Le 8 novembre 2023, le Ministère public du Canton de Fribourg a reconnu l'intéressé coupable de violation grave des règles de la circulation routière en application notamment de l'art. 90 al. 2 de la loi du 19 décembre 1958 sur la circulation routière (LCR; RS 741.01).
B. Par décision du 8 janvier 2024, l'OCN a prononcé le retrait définitif du permis de conduire de l'intéressé avec un minimum incompressible de cinq ans. Il a retenu que celui-ci avait commis une infraction grave aux règles de la circulation routière en dépassant la vitesse autorisée en localité de 28 km/h. Il a pris en compte ses antécédents qui font notamment état d'un précédent retrait de sécurité, révoqué le 17 août 2018, soit dans les cinq années précédant l'infraction du 9 août 2023.
C. Le 13 février 2024, l'intéressé a formé recours contre cette décision auprès du Tribunal cantonal, en concluant, sous suite de frais, à son annulation et à la réduction de la durée du retrait à trois mois.
A l'appui de ses conclusions, le recourant soutient que l'autorité intimée a mal appliqué l'art. 16 c al. 2 let. e LCR en retenant que son permis lui a été retiré dans les cinq ans précédant la nouvelle infraction.
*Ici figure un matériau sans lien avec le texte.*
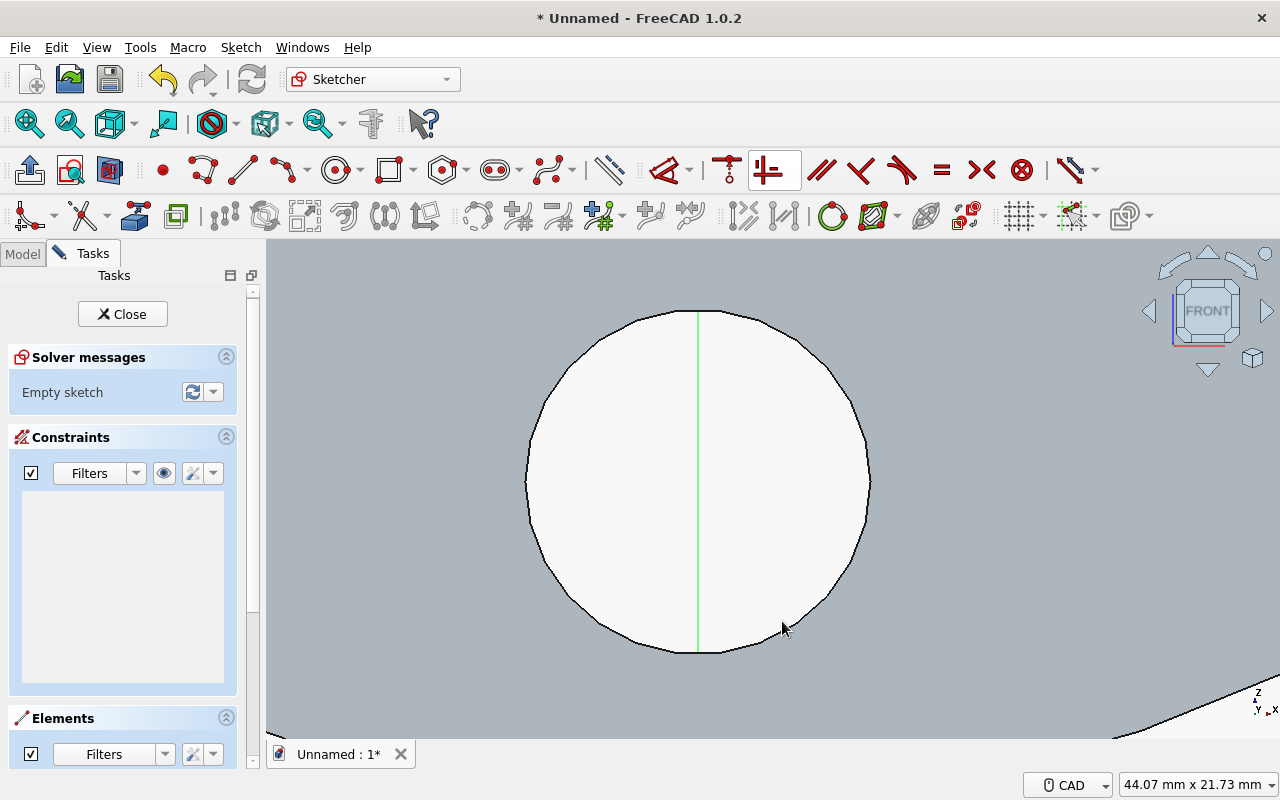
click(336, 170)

Selon lui, les faits qui ont conduit au précédent retrait de sécurité ont été commis en 2016, soit il y a plus de sept ans. A son avis, le délai de cinq ans de l'art. 16 * c* al. 2 let. e LCR était donc échu lorsqu'il a commis l'infraction du 9 août 2023. Il se prévaut en outre de son besoin de disposer de son permis de conduire pour des raisons professionnelles.
D. Dans ses observations du 8 avril 2024, l'autorité intimée conclut au rejet du recours, se référant à sa décision et aux pièces du dossier. Aucun autre échange d'écritures n'a eu lieu.
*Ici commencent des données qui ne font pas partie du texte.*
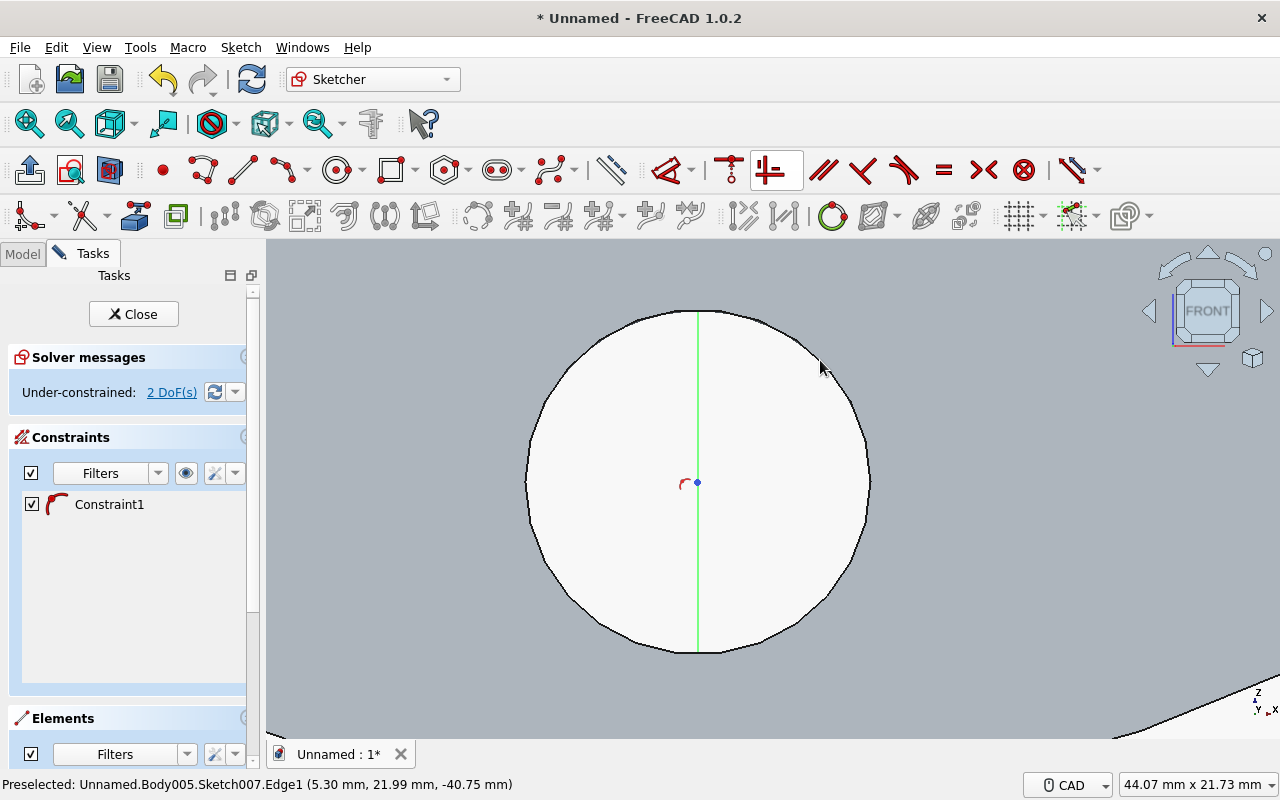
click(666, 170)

E. Les arguments avancés par les parties à l'appui de leurs conclusions seront repris dans les considérants en droit du présent arrêt pour autant que cela s'avère nécessaire à l'issue du litige.
en droit
1.
1.1. Interjeté dans le délai et les formes prescrits (art. 79 ss du code fribourgeois du 23 mai 1991 de procédure et de juridiction administrative, CPJA; RSF 150.1), et l'avance sur les frais de procédure ayant en outre été versée en temps utile, le recours est recevable à la forme et la Cour de céans peut en examiner les mérites.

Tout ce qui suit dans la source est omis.